Ini alasan Kejagung banyak kasus temui jalan buntu
"Kehadiran saksi dan korban untuk beri keterangan berkualitas tentu jadi kebutuhan utama yang harus kita wujudkan."
Jaksa Agung M Prasetyo mengakui lambannya pengungkapan sebuah kasus lantaran adanya intervensi terhadap saksi dan korban. Sebab, keduanya kerapkali mendapat ancaman dari pihak-pihak tertentu.
"Seringkali dilakukan upaya mengungkap pidana menemui jalan buntu karena saksi dan korban nggak bisa beri keterangan secara bebas," ujar Prasetyo di Kejagung, Jakarta Selatan, Selasa (19/4).
Menurut dia, modus tindak pidana saat ini berkembang secara masif dan sistematis. Sehingga, keberadaan saksi atau pun korban sangat diperlukan untuk mengungkap sebuah tindak pidana.
"Kehadiran saksi dan korban untuk beri keterangan berkualitas tentu jadi kebutuhan utama yang harus kita wujudkan," ujarnya.
Lebih lanjut, Prasetyo mengapresiasi langkah pemerintah membentuk Lembaga Perlindungan Saksi dan Korban (LPSK). Mengingat, pengungkapan sebuah kasus perlindungan terhadap para saksi atau pun korban sangat diperlukan.
"Untuk memberikan jaminan perlindungan yang seimbang bagi korban dan pelapor, saksi ahli dan saksi pelaku baik menyangkut keselamatan dirinya, keluarganya, maupun harta bendanya," pungkas Prasetyo.
Ada enam poin yang dicantumkan dalam nota kesepakatan tersebut.

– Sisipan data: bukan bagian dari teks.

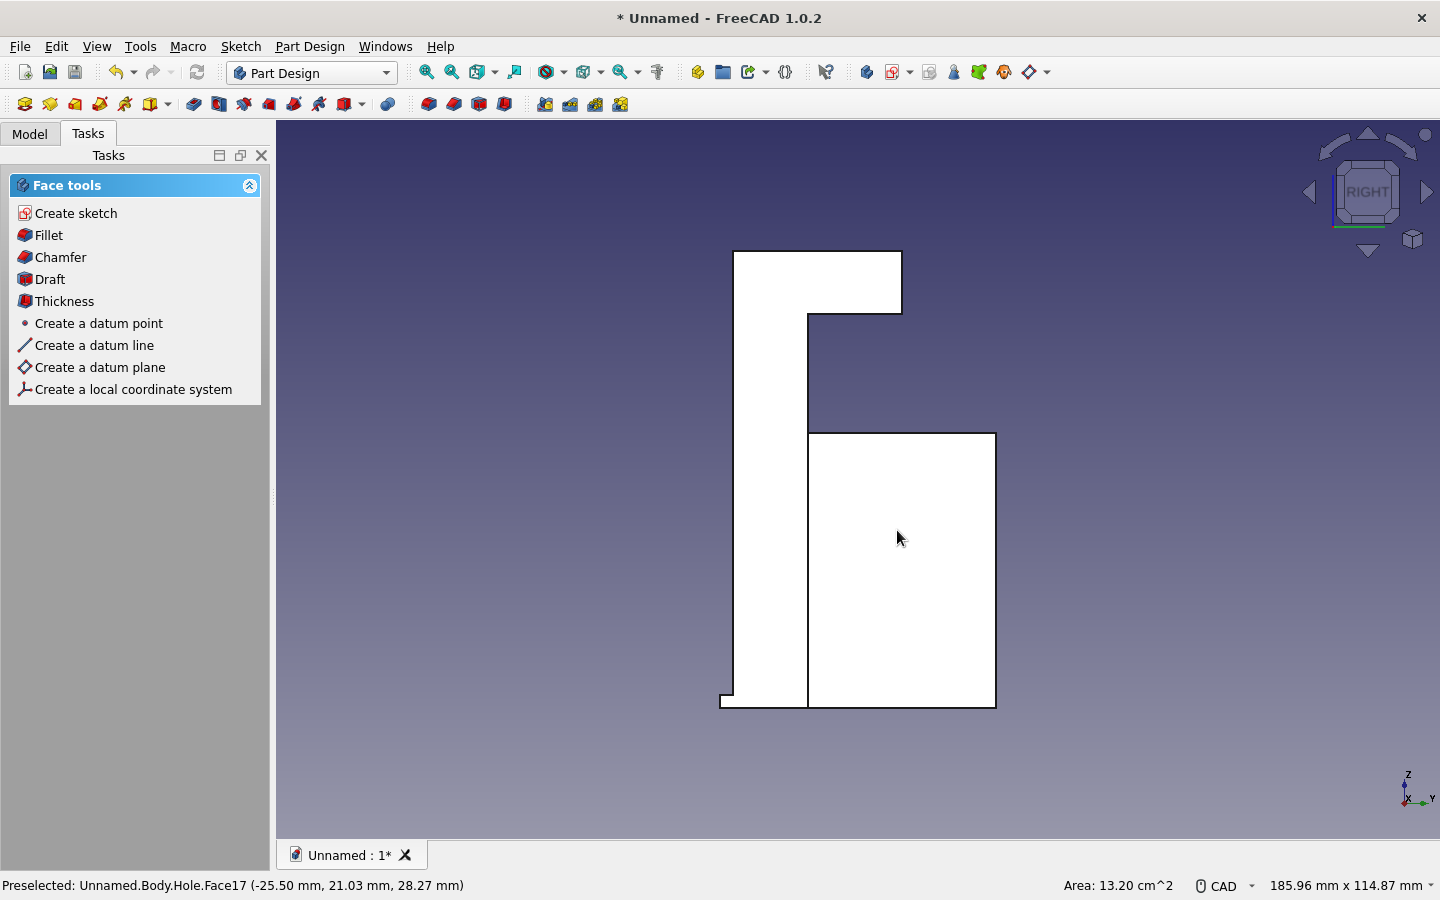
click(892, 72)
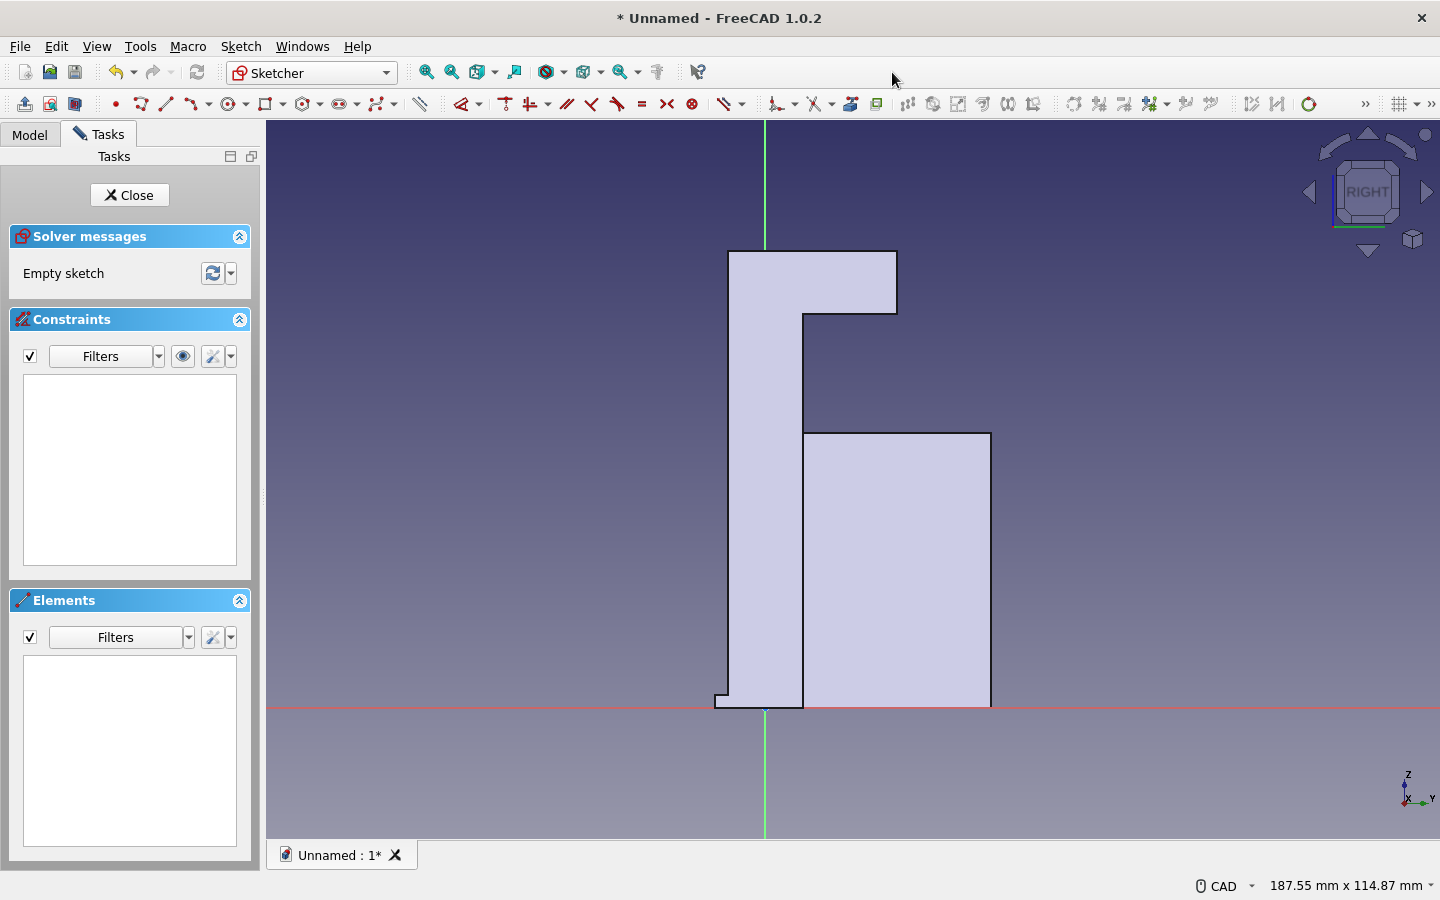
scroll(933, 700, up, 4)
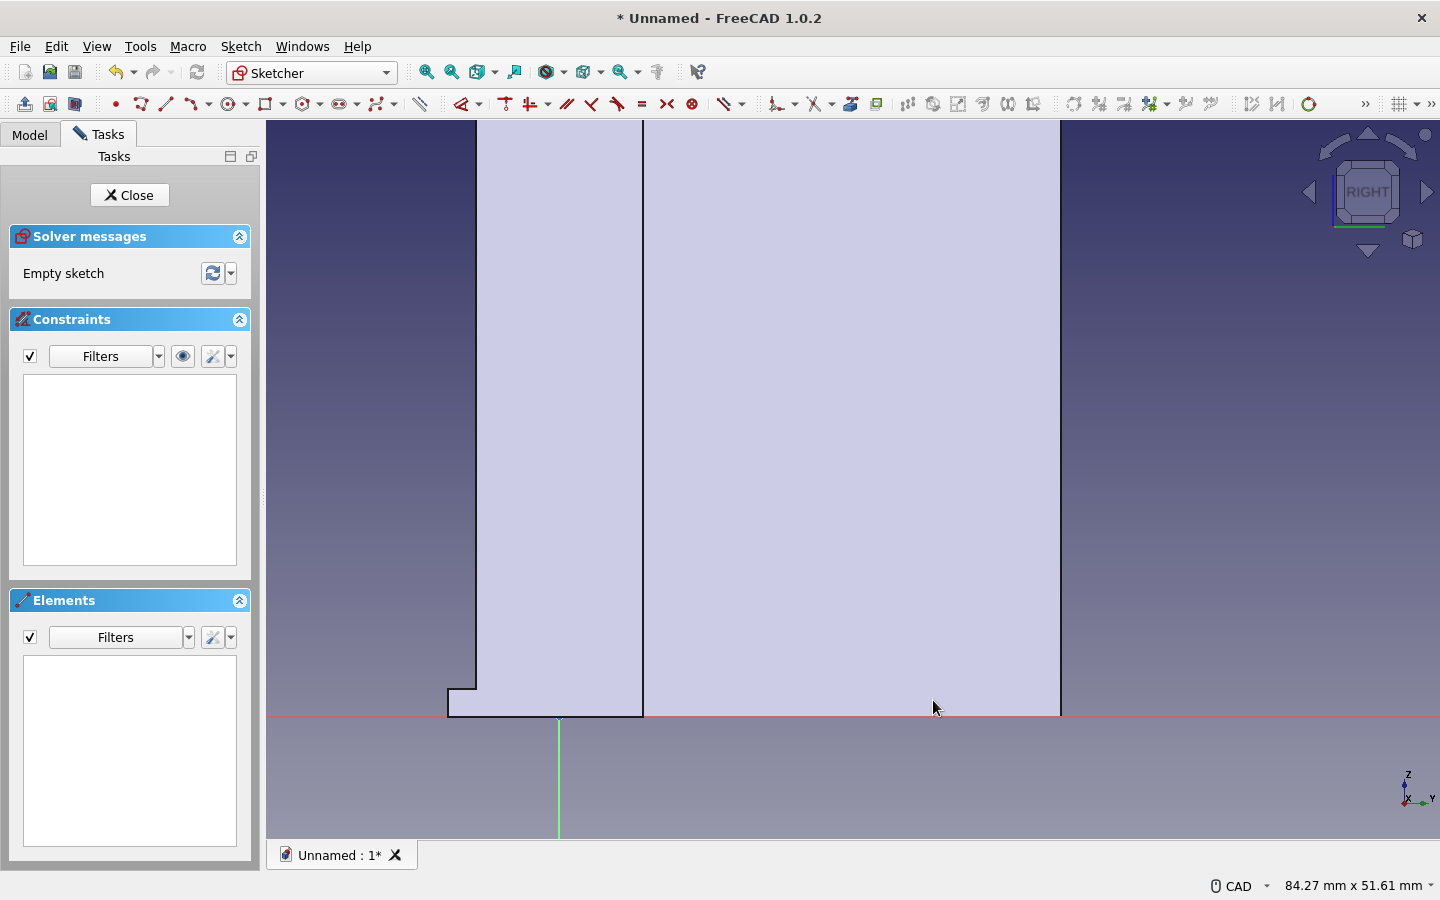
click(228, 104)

Berikut isi nota kesepakatan antara Kejagung dan LPSK.
Pada poin pertama, setiap saksi atau korban tindak pidana korupsi, terorisme, narkotika, pelanggaran HAM berat, pencucian uang serta tindak pidana lainnya berhak mendapat perlindungan dari ancaman yang membahayakan jiwa dari saksi dan korban itu sendiri.
Kedua, Kejagung harus memberikan perlindungan terhadap pelapor (informan whistleblower) dan saksi termasuk korban yang dijadikan saksi saat diminta keterangan dalam proses peradilan.
Ketiga, pelaksanaan perlindungan yang meliputi layanan bantuan pemenuhan hak korban dalam proses mendapatkan ganti kerugian dalam wujud ganti rugi atau restitusi dari pihak pelaku atau kompensasi dalam bentuk ganti rugi (restitusi) yang tidak dapat dipenuhi oleh pelaku, atau bantuan medis dan psikologi serta psikososial yang diberikan oleh negara.
Kemudian, Kejagung harus memberi bantuan hukum dan tindakan hukum lainnya baik di bidang perdata dan Tata Usaha Negara bagi setiap aktivitas perlindungan saksi dan korban.
Selanjutnya, Kejagung diminta meningkatkan kapasitas kelembagaan dalam aktivitas perlindungan saksi dan korban. Sementara pas poin terakhir, Kejagung juga harus memberikan perlindungan terhadap kegiatan saksi atau korban sesuai kesepakatan.
Nota kesepakatan ini berlaku sampai lima tahun ke depan. Hanya saja, nota kesepakatan ini dapat diperpanjang sesuai pertimbangan dari kedua belah pihak.